Milli takımlarda görev yapan teknik direktörlerin uluslararası futbolu her zaman takip etmek zorunda olduğunu söyleyen Fırat, "Uluslararası çalıştığınız zaman her şeye hakim olmanız lazım. Özellikle milli takım hocalarının zaten başka hiç şansı yok. Kadroya kim girebilir ne olabilir. Altyapılardan insanlar network oluştuğu için. Hocam böyle bir çocuk varmış bununla görüşün diyorlar ben de takip ediyorum. Afrika olsun Asya olsun hep takip ederim. Çalışmadığım zaman kendim gezerim. Arnavutluk hem tatilimi yaparım hafta sonu da tüm maçları izlerim. Gözüme batan var mı bakarım. Ben bu işi para için yapmıyorum sevdiğim için yapıyorum" dedi.

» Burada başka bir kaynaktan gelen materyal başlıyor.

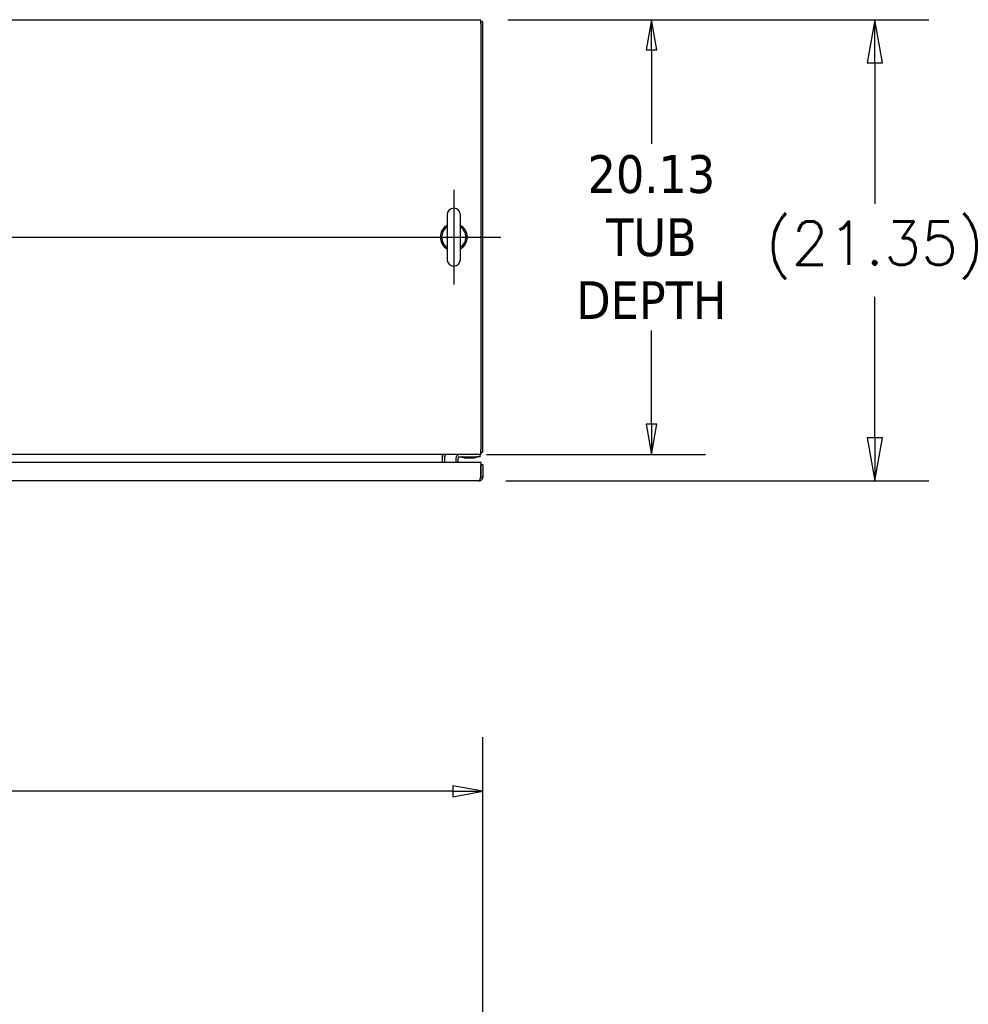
# Model space of a CAD drawing. Extents: x 784 to 1207, y 24 to 294.
# Tile 83 of 217: x 917 to 961, y 236 to 282. Entities that reach past the tile are written whole.
import ezdxf

# ---------------------------------------------------------------- set-up
doc = ezdxf.new("R2010")
doc.units = 0
doc.header["$LTSCALE"] = 4
doc.header["$MEASUREMENT"] = 0
doc.layers.get('0').update_dxf_attribs({"linetype": 'CONTINUOUS'})
doc.layers.get('DEFPOINTS').update_dxf_attribs({"linetype": 'CONTINUOUS'})
doc.styles.add('ROMANS', font='romans.shx')
doc.dimstyles.new('Default (ANSI)', dxfattribs={"dimscale": 20, "dimtxt": 0.07, "dimasz": 0.07, "dimexe": 0.125, "dimexo": 0.0625, "dimgap": 0.031496, "dimtad": 0, "dimtih": 1, "dimtoh": 1, "dimrnd": 1e-08, "dimzin": 0, "dimdsep": 46, "dimtxsty": 'ROMANS', "dimblk": 'Filled-1', "dimcen": 0.09, "dimdle": 0.393701, "dimclrd": 256, "dimclre": 256, "dimclrt": 256, "dimadec": 0, "dimazin": 0, "dimtfac": 0.928571, "dimtofl": 0, "dimtmove": 0, "dimatfit": 3, "dimfxl": 1, "dimtolj": 1, "dimtzin": 0, "dimlwd": -1, "dimlwe": -1, "dimarcsym": 0})

# ---------------------------------------------------------------- blocks, each defined once
blk = doc.blocks.new('Filled-1')
at = {"color": 0}
for p, q in [((0, 0), (-1, 0.179)), ((-1, 0.179), (-1, -0.179)), ((-1, 0), (0, 0)), ((-1, -0.179), (0, 0))]:
    blk.add_line(p, q, dxfattribs=at)
at = {"color": 0, "flags": 128}
blk.add_lwpolyline([(-1, -0.179), (0, 0), (-1, 0.179), (-1, -0.179)], dxfattribs=at)
at = {"color": 0}
blk.add_solid([(-1, -0.179), (0, 0), (-1, 0.179), (-1, -0.179)], dxfattribs=at)
blk = doc.blocks.new('*D8')
at = {"transparency": 16777216}
for p, q in [((939.495, 281.685), (958.994, 281.685)), ((956.494, 279.685), (956.494, 273.164)), ((956.494, 262.336), (956.494, 268.857)), ((939.405, 260.336), (958.994, 260.336))]:
    blk.add_line(p, q, dxfattribs=at)
at = {"layer": 'DEFPOINTS', "color": 0, "transparency": 16777216}
for p in [(938.245, 281.685), (956.494, 281.685), (938.155, 260.336)]:
    blk.add_point(p, dxfattribs=at)
at = {"transparency": 16777216, "xscale": 2, "yscale": 2, "zscale": 2}
for p, rotation in [((956.494, 281.685), 90), ((956.494, 260.336), 270)]:
    blk.add_blockref('Filled-1', p, dxfattribs=dict(at, rotation=rotation))
at = {"transparency": 16777216, "insert": (956.494, 271.01), "char_height": 2, "attachment_point": 5, "style": 'ROMANS'}
blk.add_mtext('\\A1;(21.35)', dxfattribs=at)
blk = doc.blocks.new('*D9')
at = {"transparency": 16777216}
for p, q in [((939.495, 281.685), (948.649, 281.685)), ((946.149, 280.285), (946.149, 275.946)), ((946.149, 262.96), (946.149, 267.299)), ((938.515, 261.56), (948.649, 261.56))]:
    blk.add_line(p, q, dxfattribs=at)
at = {"layer": 'DEFPOINTS', "color": 0, "transparency": 16777216}
for p in [(938.245, 281.685), (937.265, 261.56), (946.149, 261.56)]:
    blk.add_point(p, dxfattribs=at)
at = {"transparency": 16777216, "xscale": 1.400000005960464, "yscale": 1.400000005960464, "zscale": 1.400000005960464}
for p, rotation in [((946.149, 281.685), 90), ((946.149, 261.56), 270)]:
    blk.add_blockref('Filled-1', p, dxfattribs=dict(at, rotation=rotation))
at = {"transparency": 16777216, "insert": (946.149, 271.623), "char_height": 1.4, "attachment_point": 5, "style": 'ROMANS'}
blk.add_mtext('\\A1;\\fTahoma|b0|i0;\\H1.7500;20.13\\P\\fTahoma|b0|i0;\\H1.7500;TUB\\P\\fTahoma|b0|i0;\\H1.7500;DEPTH', dxfattribs=at)
blk = doc.blocks.new('*D10')
at = {"transparency": 16777216}
for p, q in [((866.224, 231.476), (866.224, 248.474)), ((938.349, 231.476), (938.349, 248.474)), ((867.624, 245.974), (895.302, 245.974)), ((936.949, 245.974), (909.271, 245.974))]:
    blk.add_line(p, q, dxfattribs=at)
at = {"layer": 'DEFPOINTS', "color": 0, "transparency": 16777216}
for p in [(938.349, 245.974), (866.224, 230.226), (938.349, 230.226)]:
    blk.add_point(p, dxfattribs=at)
at = {"transparency": 16777216, "xscale": 1.400000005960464, "yscale": 1.400000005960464, "zscale": 1.400000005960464, "rotation": 180}
blk.add_blockref('Filled-1', (866.224, 245.974), dxfattribs=at)
at = {"transparency": 16777216, "xscale": 1.400000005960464, "yscale": 1.400000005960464, "zscale": 1.400000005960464}
blk.add_blockref('Filled-1', (938.349, 245.974), dxfattribs=at)
at = {"transparency": 16777216, "insert": (902.286, 245.974), "char_height": 1.4, "attachment_point": 5, "style": 'ROMANS'}
blk.add_mtext('\\A1;\\fTahoma|b0|i0;\\H1.7500;72.12\\P\\fTahoma|b0|i0;\\H1.7500;TUB WIDTH', dxfattribs=at)

msp = doc.modelspace()

# ---------------------------------------------------------------- linework, layer by layer
for p, q in [((866.328, 281.685), (938.245, 281.685)), ((938.245, 281.487), (938.245, 281.685)), ((938.349, 281.581), (938.245, 281.581)), ((938.245, 281.487), (938.245, 261.805)), ((938.349, 261.664), (938.349, 281.581)), ((936.685, 272.653), (936.685, 270.593)), ((937.305, 270.593), (937.305, 272.653)), ((938.245, 261.56), (938.245, 261.805)), ((938.349, 261.664), (938.245, 261.664)), ((938.245, 261.56), (866.328, 261.56)), ((903.457, 261.211), (938.248, 261.211)), ((936.474, 261.466), (936.474, 261.56)), ((936.474, 261.211), (936.474, 261.466)), ((936.578, 261.211), (936.578, 261.466)), ((937.099, 261.394), (937.099, 261.211)), ((937.203, 261.211), (937.203, 261.394)), ((937.265, 261.456), (938.099, 261.456)), ((937.491, 261.404), (937.956, 261.404)), ((938.224, 261.456), (938.099, 261.456)), ((938.224, 261.456), (938.224, 261.56)), ((938.248, 261.211), (938.248, 260.534)), ((938.353, 261.086), (938.249, 261.086)), ((938.249, 260.534), (938.249, 261.086)), ((938.353, 260.534), (938.353, 261.086)), ((938.155, 260.336), (903.551, 260.336)), ((938.249, 260.534), (938.353, 260.534))]:
    msp.add_line(p, q)
at = {"ltscale": 0.097117}
msp.add_line((936.995, 273.81), (936.995, 269.435), dxfattribs=at)
at = {"ltscale": 0.476224}
msp.add_line((865.39, 271.623), (939.182, 271.623), dxfattribs=at)
for centre, radius, start, end in [((936.995, 272.653), 0.31, 0, 180), ((936.995, 271.623), 0.625, 119.7357, 240.2643), ((936.995, 271.623), 0.56, 123.6124, 236.3876), ((936.995, 271.623), 0.625, 299.7357, 60.2643), ((936.995, 271.623), 0.56, 303.6124, 56.3876), ((936.995, 270.593), 0.31, 180, 0), ((938.104, 261.805), 0.245, 305.0898, 324.9102), ((936.672, 261.466), 0.198, 151.7003, 180), ((936.672, 261.466), 0.0938, 90, 180), ((937.265, 261.394), 0.167, 90, 180), ((937.265, 261.394), 0.0625, 90, 180), ((937.383, 261.425), 0.0312, 40.7848, 90), ((937.498, 261.523), 0.12, 220.7848, 266.0521), ((937.491, 261.435), 0.0312, 266.0521, 270), ((937.956, 261.435), 0.0312, 270, 273.9479), ((937.95, 261.523), 0.12, 273.9479, 319.2152), ((938.064, 261.425), 0.0312, 90, 139.2152)]:
    msp.add_arc(centre, radius, start, end)
for points, knots in [([(938.155, 260.336), (938.217, 260.336), (938.278, 260.367), (938.314, 260.416), (938.339, 260.45), (938.353, 260.492), (938.353, 260.534)], [0, 0, 0, 0, 0.935327, 0.935327, 0.935327, 1.570796, 1.570796, 1.570796, 1.570796]), ([(938.248, 260.534), (938.23, 260.472), (938.211, 260.411), (938.193, 260.374), (938.18, 260.35), (938.168, 260.336), (938.155, 260.336)], [0, 0, 0, 0, 0.935327, 0.935327, 0.935327, 1.570796, 1.570796, 1.570796, 1.570796]), ([(938.232, 260.48), (938.235, 260.484), (938.237, 260.489), (938.24, 260.493), (938.246, 260.506), (938.249, 260.52), (938.249, 260.534)], [0.957768, 0.957768, 0.957768, 0.957768, 1.1271971, 1.1271971, 1.1271971, 1.5707963, 1.5707963, 1.5707963, 1.5707963])]:
    msp.add_open_spline(points, degree=3, knots=knots)

# ---------------------------------------------------------------- dimensions: what is measured, and where the dimension line sits
for base, p1, p2, angle, text, override, picture, middle in [((946.149139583, 261.560027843), (938.244751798, 281.685027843), (937.265251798, 261.560027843), 90, '\\fTahoma|b0|i0;\\H1.7500;<>\\P\\fTahoma|b0|i0;\\H1.7500;TUB\\P\\fTahoma|b0|i0;\\H1.7500;DEPTH', {"dimgap": 0.031496, "dimdec": 2, "dimtol": 0, "dimlim": 0, "dimtp": 0, "dimtm": 0, "dimtdec": 2, "dimatfit": 1}, '*D9', (946.149139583, 271.622527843)), ((956.494, 281.685), (938.155, 260.336), (938.245, 281.685), 90, '(<>)', {"dimtxt": 0.1, "dimasz": 0.1, "dimgap": 0.031496, "dimdec": 2, "dimtol": 0, "dimlim": 0, "dimtp": 0, "dimtm": 0, "dimtdec": 2, "dimatfit": 1}, '*D8', (956.494, 271.01)), ((938.348751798, 245.973857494), (866.223751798, 230.225825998), (938.348751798, 230.225825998), 180, '\\fTahoma|b0|i0;\\H1.7500;<>\\P\\fTahoma|b0|i0;\\H1.7500;TUB WIDTH', {"dimgap": 0.031496, "dimtih": 0, "dimtoh": 0, "dimdec": 2, "dimtol": 0, "dimlim": 0, "dimtp": 0, "dimtm": 0, "dimtdec": 2, "dimatfit": 1}, '*D10', (902.286251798, 245.973857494))]:
    dim = msp.add_linear_dim(base=base, p1=p1, p2=p2, angle=angle, text=text, dimstyle='Default (ANSI)', override=override)
    dim.commit()
    dim.dimension.update_dxf_attribs({"geometry": picture, "text_midpoint": middle, "dimtype": 160})

doc.saveas('drawing.dxf')

"Süper Lig'deki hocayı ben ne yapayım"
Genç teknik direktörlere de seslenen Engin Fırat, açıklamasını şu ifadelerle tamamladı:
"Umarım benim yolumdan giderler. Birçok konuda değişiyorlar. Bilime yakın oluyor yeni nesil. Yabancı dilleri oluyor. Hedefleri büyüyor. Mail geliyor telefon geliyor benim tecrübemden yararlanmak istiyorlar. O arkadaşlardan çok umutluyum. Türk futbolunda birçok şeyi değiştirecek potansiyeli orada görüyorum. Genç hocalarımız vazgeçmesinler, ısrarla devam etsinler. Hüsrana uğruyorlar ama bırakmasınlar. İnşallah yollar açılır. Her zaman yanıma bir Türk aldım. Bu sefer geldiğimde kısa süre olduğu için Türk hoca yanıma almadım ama ondan önce hep yanımdaydılar. Moldova'da eski Fenerbahçeli Nuri vardı. İran'da Şenol vardı, Şener vardı. Hep yanıma aldım. Süper Lig'deki hocayı ne yapayım ki ben. Onlar zaten bir yere gelmişler. 2, 3. ligdeki hocanın yanına gelip faydalanmasını her zaman isterim, destek olurum."